El segundo de los espacios es la Zona Arqueológica que es posible visitar cumpliendo una serie de requisitos, tanto establecidos en el Parque, como propios del visitante, estos últimos de carácter físico, y es que el recorrido es en su mayoría a pie y pude presentar algún tipo de dificultad para aquellas personas con algún tipo de limitación motriz.
La vista a la Zona Arqueológica se realiza exclusivamente en una ruta guida por personal del Parque cumpliendo con el principio de conservación anteriormente mencionado, y ampliando sobre el terreno el de difusión ofrecido en el Centro.

La limitación de la zona a visitar y del número de componentes del grupo (15) viene motivada tanto por la conservación de la zona, amortiguando el posible impacto de una masificación y evitando que la presencia de visitantes continúe deteriorando los bienes, como en el aspecto divulgativo: los grupos reducidos ofrecen una mejor interacción entre el guía y los miembros del grupo.

Esta ruta plantea un recorrido por varios de los bienes más destacados, tanto de filiación aborigen, como de factura más moderna, pero que se encuentran vinculados con la superposición cultural del territorio tan habitual en El Hierro.

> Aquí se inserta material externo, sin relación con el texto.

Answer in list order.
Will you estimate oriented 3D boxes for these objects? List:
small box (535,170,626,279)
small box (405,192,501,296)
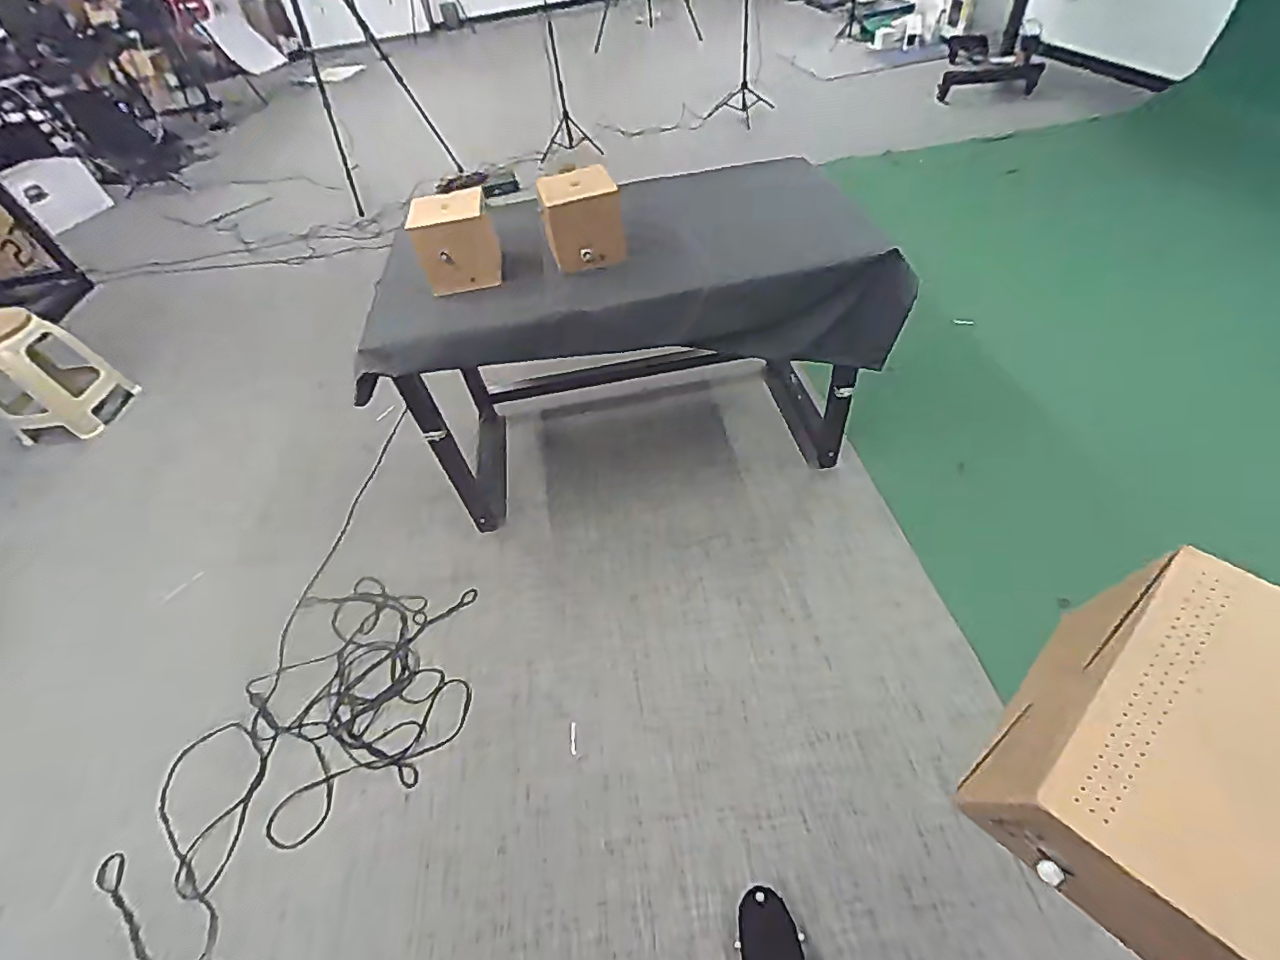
[{"bbox_3d":[-0.140,-0.609,1.291,0.168,0.176,0.179,-17,49,-5],"label":"small box"},{"bbox_3d":[-0.435,-0.553,1.283,0.168,0.176,0.179,-12,47,-3],"label":"small box"}]

Es el caso de La Cueva de Juan Baltasar, una cueva de habitación utilizada durante varias décadas el siglo XX por los diferentes medianeros que explotaron los terrenos y en cuyo vaciado, situado en las proximidades, aparecen materiales de filiación aborigen.

Poder contemplar in situ el legado patrimonial bimbache, tocar y acariciar las cicatrices de la piedra en forma de líbico-bereber, círculos convertidos en reticulados, “garabatos” que incitan a imaginar, a plantearse la motivación en la creación de lugares como Los Números o Los Letreros, sin obviar el gran interrogante: su significado, bien sea el etimológico o el simbólico.

La visita sobre terreno es seguir los pasos de generaciones anteriores que utilizaron este espacio como parte importante de sus vidas, bien sea de manera festiva, bien como zona de trabajo o sencillamente como lugar y punto de reunión.

Los concheros nos hablan de comidas comunales, esas guatatiboas tan comunes en el paisaje festivo y cultural herreño, nexo de unión del grupo, acontecimiento donde compartir desde lo humano a lo sagrado.